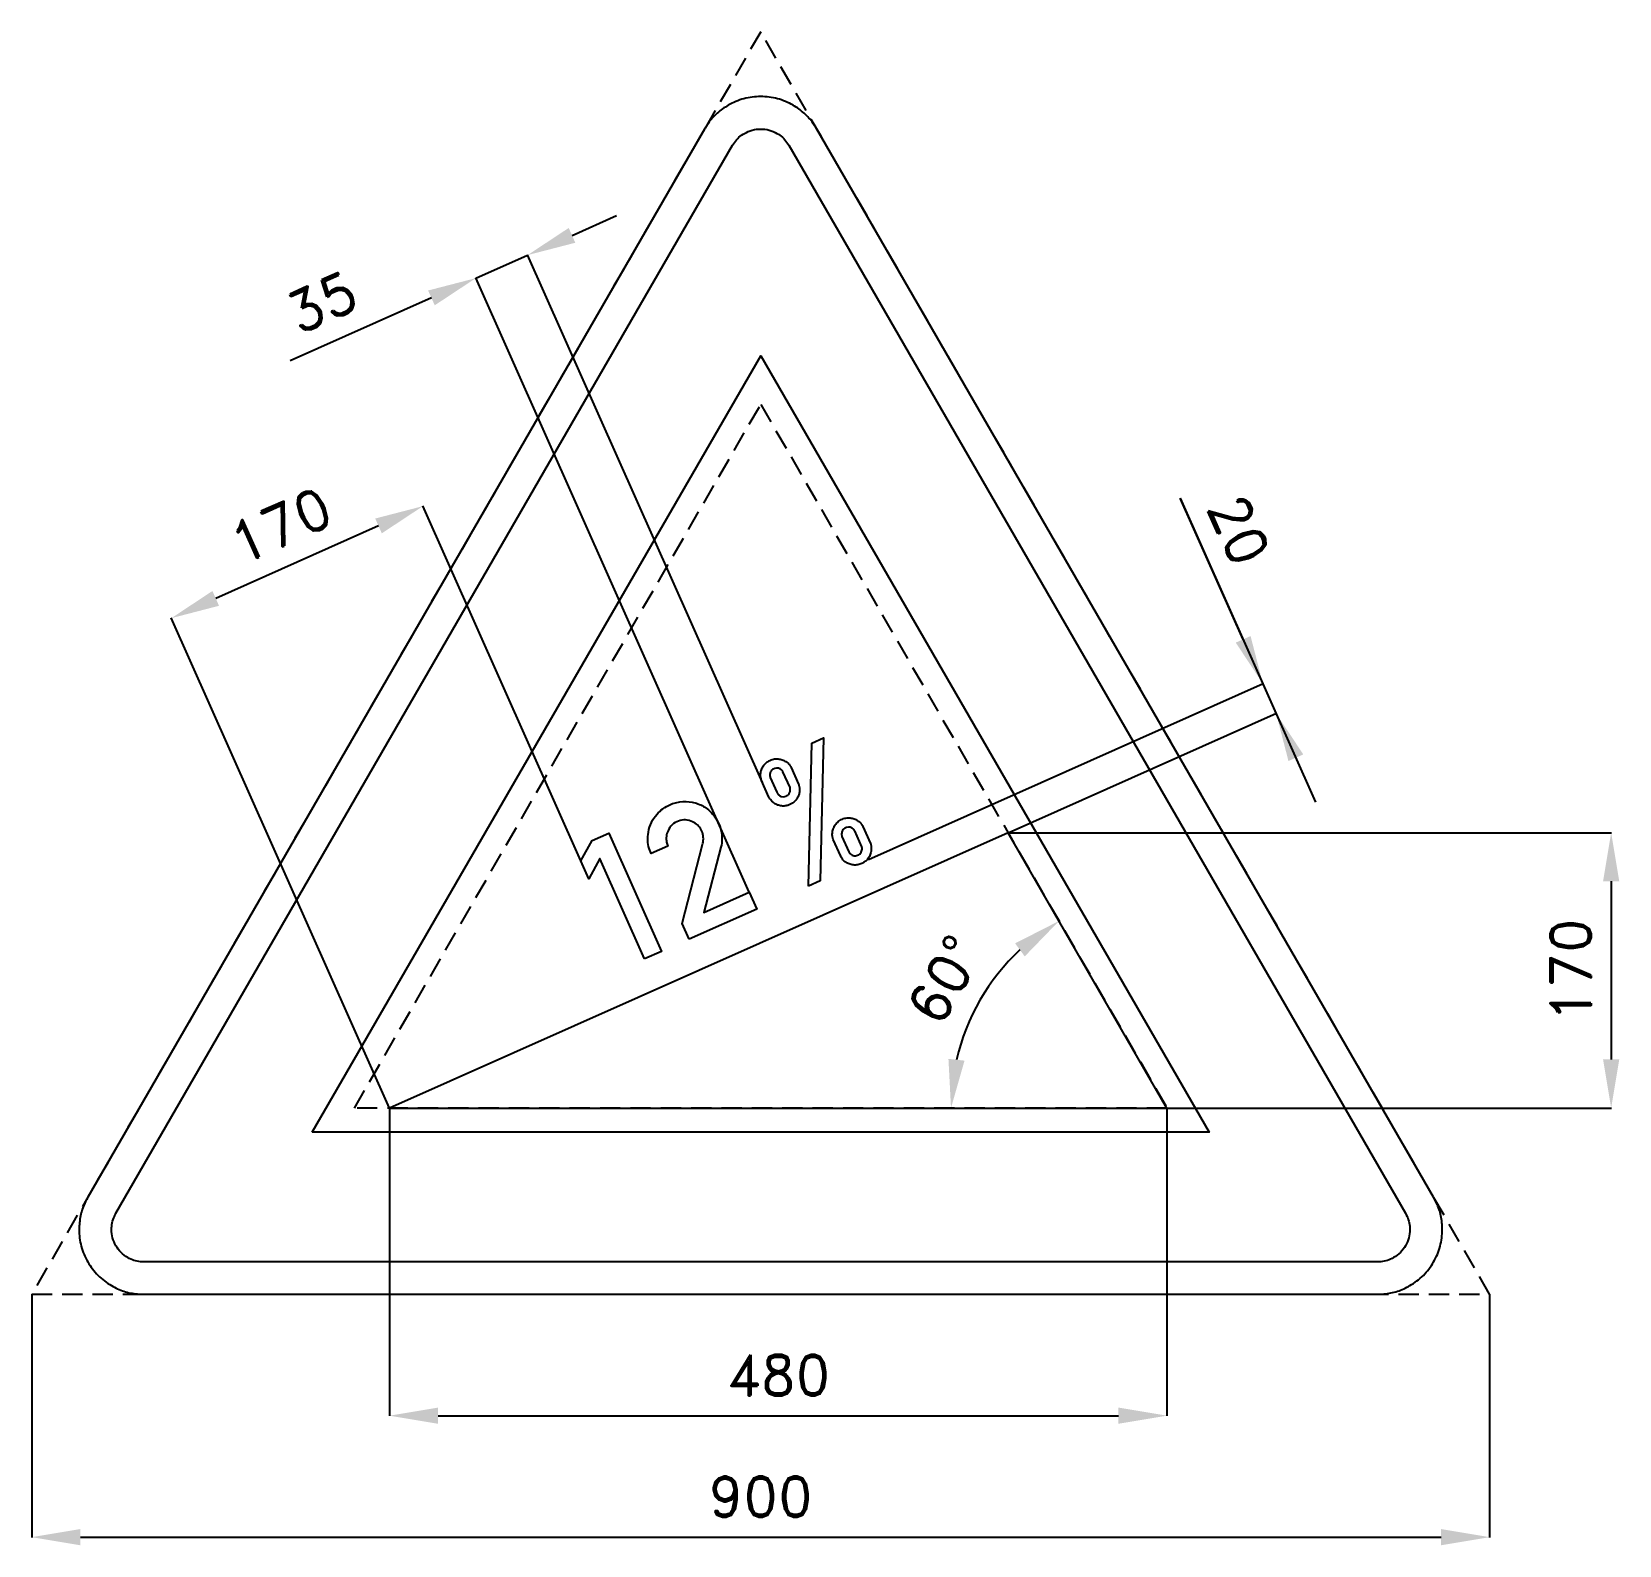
# Model space of a CAD drawing. Header units: millimetres. Extents: x -29 to 951, y -155 to 779.
import ezdxf

# ---------------------------------------------------------------- set-up
doc = ezdxf.new("R2010")
doc.units = ezdxf.units.MM
doc.header["$LTSCALE"] = 5
doc.linetypes.add('ČÁRKOVANÁX2', pattern=[1.5, 1, -0.5])
doc.layers.add('Kóty', color=2, linetype='Continuous')
doc.layers.add('Značka', color=7, linetype='Continuous')
doc.styles.get("Standard").update_dxf_attribs({"font": 'romand.shx', "height": 25})
doc.dimstyles.get("Standard").update_dxf_attribs({"dimtxt": 25, "dimasz": 30, "dimexe": 0.18, "dimexo": 0.0625, "dimgap": 12.5, "dimtad": 1, "dimdec": 0, "dimzin": 0, "dimdsep": 46, "dimtxsty": 'Standard', "dimcen": 0.09, "dimadec": 0, "dimazin": 0, "dimtfac": 1, "dimtdec": 0, "dimtofl": 0, "dimtmove": 0, "dimatfit": 3, "dimfxl": 1, "dimtolj": 1, "dimtzin": 0, "dimarcsym": 0})

# ---------------------------------------------------------------- blocks, each defined once
blk = doc.blocks.new('*D0')
at = {"layer": 'Defpoints', "color": 0, "transparency": 16777216}
for p in [(-29.28, 0.06), (870.72, 0.06), (870.72, -149.94)]:
    blk.add_point(p, dxfattribs=at)
at = {"layer": 'Kóty', "color": 0, "lineweight": -2, "transparency": 16777216}
for p, q in [((-29.28, 0), (-29.28, -150.12)), ((870.72, 0), (870.72, -150.12)), ((0.72, -149.94), (840.72, -149.94))]:
    blk.add_line(p, q, dxfattribs=at)
at = {"layer": 'Kóty', "color": 0, "transparency": 16777216}
for points in [[(0.72, -144.94), (0.72, -154.94), (-29.28, -149.94)], [(840.72, -144.94), (840.72, -154.94), (870.72, -149.94)]]:
    blk.add_solid(points, dxfattribs=at)
at = {"layer": 'Kóty', "color": 0, "transparency": 16777216, "insert": (420.72, -124.94), "char_height": 25, "attachment_point": 5}
blk.add_mtext('\\A1;900', dxfattribs=at)
blk = doc.blocks.new('*D1')
at = {"layer": 'Defpoints', "color": 0, "transparency": 16777216}
for p in [(573.38, 285), (671.53, 115), (945.72, 115)]:
    blk.add_point(p, dxfattribs=at)
at = {"layer": 'Kóty', "color": 0, "lineweight": -2, "transparency": 16777216}
for p, q in [((573.44, 285), (945.9, 285)), ((945.72, 255), (945.72, 145)), ((671.59, 115), (945.9, 115))]:
    blk.add_line(p, q, dxfattribs=at)
at = {"layer": 'Kóty', "color": 0, "transparency": 16777216}
for points in [[(940.72, 255), (950.72, 255), (945.72, 285)], [(940.72, 145), (950.72, 145), (945.72, 115)]]:
    blk.add_solid(points, dxfattribs=at)
at = {"layer": 'Kóty', "color": 0, "transparency": 16777216, "insert": (920.72, 200), "char_height": 25, "attachment_point": 5, "rotation": 90}
blk.add_mtext('\\A1;170', dxfattribs=at)
blk = doc.blocks.new('*D2')
at = {"layer": 'Defpoints', "color": 0, "transparency": 16777216}
for p in [(191.53, 115), (671.53, 115), (671.53, -74.94)]:
    blk.add_point(p, dxfattribs=at)
at = {"layer": 'Kóty', "color": 0, "lineweight": -2, "transparency": 16777216}
for p, q in [((191.53, 114.94), (191.53, -75.12)), ((671.53, 114.94), (671.53, -75.12)), ((221.53, -74.94), (641.53, -74.94))]:
    blk.add_line(p, q, dxfattribs=at)
at = {"layer": 'Kóty', "color": 0, "transparency": 16777216}
for points in [[(221.53, -69.94), (221.53, -79.94), (191.53, -74.94)], [(641.53, -69.94), (641.53, -79.94), (671.53, -74.94)]]:
    blk.add_solid(points, dxfattribs=at)
at = {"layer": 'Kóty', "color": 0, "transparency": 16777216, "insert": (431.53, -49.94), "char_height": 25, "attachment_point": 5}
blk.add_mtext('\\A1;480', dxfattribs=at)
blk = doc.blocks.new('*D3')
at = {"layer": 'Defpoints', "color": 0, "transparency": 16777216}
for p in [(573.38, 285), (569.39, 200.7), (191.53, 115), (671.53, 115), (671.53, 115)]:
    blk.add_point(p, dxfattribs=at)
at = {"layer": 'Kóty', "color": 0, "lineweight": -2, "transparency": 16777216}
blk.add_arc((671.53, 115), 133.33, 132.91889, 167.08097, dxfattribs=at)
at = {"layer": 'Kóty', "color": 0, "transparency": 16777216}
for points in [[(577.77, 216.66), (583.71, 208.62), (604.87, 230.47)], [(546.54, 144.25), (536.61, 145.37), (538.2, 115)]]:
    blk.add_solid(points, dxfattribs=at)
at = {"layer": 'Kóty', "color": 0, "transparency": 16777216, "insert": (534.41, 194.17), "char_height": 25, "attachment_point": 5, "rotation": 59.99993}
blk.add_mtext('\\A1;60°', dxfattribs=at)

msp = doc.modelspace()

# ---------------------------------------------------------------- linework, layer by layer
at = {"layer": 'Kóty'}
for p, q in [((304.23, 653.79), (331.64, 665.99)), ((421.8, 315.93), (276.75, 641.76)), ((413.61, 248.26), (244.78, 627.52)), ((217.45, 615.16), (130.22, 576.33)), ((679.72, 491.58), (763.29, 303.87)), ((718.55, 404.36), (679.72, 491.58)), ((309.64, 267.69), (212.11, 486.75)), ((184.78, 474.38), (84.29, 429.64)), ((191.53, 115), (56.81, 417.61)), ((487.16, 268.51), (730.92, 377.03)), ((573.38, 285), (739.05, 358.76))]:
    msp.add_line(p, q, dxfattribs=at)
msp.add_lwpolyline([(244.86, 627.36), (276.83, 641.59)], dxfattribs=at)
for points in [[(302.2, 658.36), (306.27, 649.22), (276.83, 641.59)], [(215.41, 619.73), (219.48, 610.59), (244.86, 627.36)], [(182.75, 478.95), (186.81, 469.81), (212.19, 486.58)], [(82.26, 434.21), (86.32, 425.08), (56.88, 417.44)], [(723.12, 406.39), (713.98, 402.33), (730.75, 376.95)], [(755.66, 333.31), (746.52, 329.24), (738.89, 358.68)]]:
    msp.add_solid(points, dxfattribs=at)
at = {"layer": 'Značka', "color": 6, "linetype": 'ČÁRKOVANÁX2', "ltscale": 2.5}
for points in [[(870.72, 0.06), (420.72, 779.48), (-29.28, 0.06)], [(169.9, 115), (420.72, 549.42), (671.53, 115)]]:
    msp.add_lwpolyline(points, close=True, dxfattribs=at)
at = {"layer": 'Značka', "color": 5}
for points in [[(836.08, 60), (455.36, 719.42), (454.24, 721.19, 0.010748), (453.08, 722.93, 0.055773), (447.54, 729.17, 0.055979), (440.72, 734.06, 0.069561), (431.09, 738.14, 0.069791), (420.72, 739.42, 0.069502), (410.36, 738.12, 0.067732), (400.72, 734.06, 0.055944), (393.86, 729.2, 0.061133), (388.36, 722.93, 0.012257), (387.19, 721.2), (386.08, 719.42), (5.36, 60, 0.003576), (4.38, 58.15, 0.010722), (3.46, 56.27, 0.055711), (0.83, 48.35, 0.055985), (0, 40, 0.069591), (1.29, 29.62, 0.069767), (5.36, 20, 0.069481), (11.67, 11.68, 0.067775), (20, 5.36, 0.055964), (27.65, 1.85, 0.061097), (35.82, 0.22, 0.01224), (37.91, 0.07, 0.004081), (40, 0), (801.43, 0, 0.003581), (803.53, 0.08, 0.010743), (805.62, 0.22, 0.055797), (813.79, 1.9, 0.055991), (821.43, 5.36, 0.069582), (829.78, 11.66, 0.069787), (836.08, 20, 0.069497), (840.13, 29.62, 0.067792), (841.43, 40, 0.055928), (840.65, 48.37, 0.060939), (837.98, 56.27), (837.06, 58.15), (836.08, 60)], [(421.21, 317.24), (421.06, 317.71), (420.92, 318.19, -0.046851), (420.65, 319.79, -0.0422), (420.67, 321.42, -0.062855), (421.17, 323.88, -0.069999), (422.28, 326.11, -0.067461), (423.82, 327.91, -0.059915), (425.78, 329.27, -0.072652), (428.57, 330.35, -0.081725), (431.52, 330.54, -0.070068), (433.99, 330.02, -0.061083), (436.25, 328.86), (437.61, 327.83, -0.053245), (438.73, 326.56), (439, 326.17), (439.24, 325.77), (439.37, 325.56), (439.49, 325.34), (444.12, 314.94), (444.24, 314.61), (444.34, 314.28, -0.046062), (444.65, 312.77, -0.039721), (444.69, 311.22, -0.055107), (444.38, 308.99, -0.05969), (443.58, 306.9, -0.061736), (442.32, 304.99, -0.060308), (440.63, 303.44, -0.047157), (439.11, 302.5), (437.45, 301.86, -0.058403), (435.23, 301.46, -0.061911), (432.97, 301.61, -0.066264), (430.63, 302.32, -0.060952), (428.53, 303.61), (427.58, 304.43), (426.75, 305.38), (426.4, 305.87), (426.09, 306.39), (425.95, 306.64), (425.82, 306.9), (421.21, 317.24)], [(426.6, 319.11), (430.68, 309.96), (430.83, 309.68), (430.99, 309.41), (431.63, 308.53, 0.071801), (432.43, 307.82, 0.080224), (433.42, 307.35), (434.51, 307.18), (435.53, 307.25), (436.5, 307.57, 0.071653), (437.5, 308.2, 0.0758), (438.28, 309.09, 0.060184), (438.71, 309.93, 0.051665), (438.94, 310.85, 0.043652), (439, 311.64, 0.050947), (438.92, 312.43), (438.87, 312.66), (438.81, 312.88), (434.47, 322.63), (434.31, 322.9), (434.14, 323.15), (433.53, 323.83), (432.76, 324.35, 0.075642), (431.63, 324.77), (430.42, 324.84), (429.39, 324.67), (428.44, 324.25, 0.074417), (427.53, 323.52, 0.069348), (426.85, 322.55, 0.051936), (426.51, 321.75, 0.054037), (426.35, 320.9, 0.034093), (426.34, 320.39, 0.03747), (426.4, 319.88), (426.49, 319.49), (426.6, 319.11)], [(376.54, 219.26), (372.19, 229.02), (384.76, 277.73), (384.94, 278.45), (385.1, 279.17, 0.082994), (385.2, 283.11, 0.094403), (383.95, 286.85, 0.09216), (381.75, 289.75, 0.084059), (378.65, 291.75, 0.098146), (374.3, 292.83, 0.106032), (369.9, 292.13, 0.106168), (366.12, 289.85, 0.099948), (363.53, 286.22, 0.083736), (362.48, 282.72, 0.091648), (362.66, 279.14, 0.02614), (362.99, 277.93), (363.4, 276.75), (353, 272.12), (352.59, 273.11), (352.2, 274.12, -0.059426), (351.12, 278.89, -0.058234), (351.16, 283.83, -0.07215), (352.64, 289.87, -0.072234), (355.76, 295.23, -0.061487), (359.36, 299.01, -0.059942), (363.78, 301.82, -0.08306), (370.88, 304.04, -0.087039), (378.34, 303.79, -0.08778), (385.36, 301.25, -0.087808), (391.06, 296.49, -0.068503), (394.31, 291.71, -0.062434), (396.21, 286.23, -0.050701), (396.82, 281.8, -0.061844), (396.42, 277.39), (396.27, 276.68), (396.1, 275.98), (385.55, 235.77), (413.61, 248.26), (418.26, 237.83), (376.54, 219.26)], [(465.55, 280.74), (465.3, 281.54), (465.09, 282.34, -0.07167), (464.94, 284.79, -0.065037), (465.46, 287.23, -0.072567), (466.7, 289.77, -0.074231), (468.6, 291.84, -0.078884), (471.16, 293.41, -0.080181), (474.08, 294.11, -0.068222), (476.6, 294.04, -0.067278), (479, 293.3, -0.05778), (480.95, 292.16, -0.050637), (482.62, 290.63), (483.11, 290.05), (483.52, 289.43), (483.67, 289.14), (483.81, 288.84), (488.51, 278.28), (488.6, 278.01), (488.68, 277.73, -0.052347), (488.98, 275.99, -0.045284), (488.94, 274.21, -0.066058), (488.34, 271.54, -0.074156), (487.05, 269.16, -0.063467), (485.52, 267.49, -0.057064), (483.62, 266.21, -0.0604), (481.34, 265.3, -0.067494), (478.93, 265, -0.067252), (476.54, 265.29, -0.057959), (474.26, 266.18, -0.059466), (472.31, 267.44, -0.082699), (470.82, 269.16), (470.44, 269.83), (470.1, 270.52), (465.55, 280.74)], [(470.86, 282.69), (475.12, 273.13), (475.31, 272.77), (475.53, 272.43, 0.091383), (476.5, 271.49, 0.081237), (477.75, 270.92, 0.085157), (479.18, 270.72, 0.092406), (480.56, 271.02, 0.095659), (481.84, 271.81, 0.087624), (482.76, 273.02, 0.071388), (483.2, 274.15, 0.074792), (483.29, 275.35), (483.26, 275.67), (483.21, 275.99), (483.17, 276.16), (483.13, 276.32), (478.75, 286.14), (478.61, 286.42), (478.45, 286.69, 0.067643), (477.85, 287.36), (477.11, 287.88), (476, 288.33), (474.83, 288.46), (473.67, 288.28, 0.07321), (472.6, 287.77, 0.078316), (471.64, 286.92, 0.080445), (470.99, 285.83, 0.059938), (470.72, 284.88, 0.046504), (470.65, 283.88, 0.02775), (470.67, 283.41, 0.046027), (470.77, 282.96), (470.81, 282.82), (470.86, 282.69)]]:
    msp.add_lwpolyline(points, format="xyb", dxfattribs=at)
at = {"layer": 'Značka', "color": 1}
msp.add_lwpolyline([(801.43, 20), (40, 20, -0.003586), (38.95, 20.04, -0.010756), (37.91, 20.11, -0.05582), (33.82, 20.95, -0.05597), (30, 22.68, -0.06955), (25.83, 25.83, -0.069786), (22.68, 30, -0.069503), (20.65, 34.81, -0.067814), (20, 40, -0.055933), (20.39, 44.19, -0.060881), (21.73, 48.13, -0.012187), (22.19, 49.07, -0.00406), (22.68, 50), (403.4, 709.42), (403.95, 710.31), (404.54, 711.18, -0.055851), (407.31, 714.3, -0.05603), (410.72, 716.74, -0.069574), (415.53, 718.78, -0.069723), (420.72, 719.42, -0.069439), (425.9, 718.77, -0.067755), (430.72, 716.74, -0.055971), (434.15, 714.31, -0.061159), (436.9, 711.18), (437.48, 710.31), (438.04, 709.42), (818.76, 50), (819.24, 49.07), (819.71, 48.13, -0.055637), (821.02, 44.18, -0.055928), (821.43, 40, -0.069571), (820.79, 34.81, -0.069825), (818.76, 30, -0.069532), (815.6, 25.84, -0.067733), (811.43, 22.68, -0.055923), (807.61, 20.93, -0.061121), (803.53, 20.11, -0.012253), (802.48, 20.04, -0.004086), (801.43, 20)], format="xyb", dxfattribs=at)
msp.add_lwpolyline([(143.92, 100), (420.72, 579.42), (697.51, 100), (143.92, 100)], dxfattribs=at)
at = {"layer": 'Značka', "color": 5}
for points in [[(450.23, 252.07), (452.29, 340.36), (459.55, 343.6), (457.33, 255.23), (450.23, 252.07)], [(191.53, 115), (671.53, 115), (573.38, 285), (191.53, 115)], [(349.08, 207.03), (321.48, 269.02), (314.58, 256.59), (309.64, 267.69), (316.64, 280.17), (326.94, 284.76), (359.49, 211.66), (349.08, 207.03)]]:
    msp.add_lwpolyline(points, dxfattribs=at)

# ---------------------------------------------------------------- texts
at = {"layer": 'Kóty', "char_height": 25, "attachment_point": 5}
for s, insert, rotation in [('\\A1;35', (149.97, 612.48), 23.99663), ('\\A1;170', (124.37, 474.85), 23.99862), ('\\A1;20', (715.87, 471.84), 293.99862)]:
    msp.add_mtext(s, dxfattribs=dict(at, insert=insert, rotation=rotation))

# ---------------------------------------------------------------- dimensions: what is measured, and where the dimension line sits
at = {"layer": 'Kóty'}
dim = msp.add_angular_dim_2l(base=(569.39, 200.7), line1=((671.53, 115), (573.38, 285)), line2=((191.53, 115), (671.53, 115)), dimstyle='Standard', dxfattribs=at)
dim.commit()
dim.dimension.update_dxf_attribs({"geometry": '*D3', "text_midpoint": (534.41, 194.17)})
dim = msp.add_linear_dim(base=(945.72, 115), p1=(573.38, 285), p2=(671.53, 115), angle=90, dimstyle='Standard', dxfattribs=at)
dim.commit()
dim.dimension.update_dxf_attribs({"geometry": '*D1', "text_midpoint": (920.72, 200)})
for base, p1, p2, picture, middle in [((671.53, -74.94), (191.53, 115), (671.53, 115), '*D2', (431.53, -49.94)), ((870.72, -149.94), (-29.28, 0.06), (870.72, 0.06), '*D0', (420.72, -124.94))]:
    dim = msp.add_linear_dim(base=base, p1=p1, p2=p2, dimstyle='Standard', dxfattribs=at)
    dim.commit()
    dim.dimension.update_dxf_attribs({"geometry": picture, "text_midpoint": middle})

doc.saveas('drawing.dxf')

+++++

◆ ASSIGNMENT: Go through the listing and work out how many lines include the string "geometry". Give only the number.

◆ TASK ANSWER: 3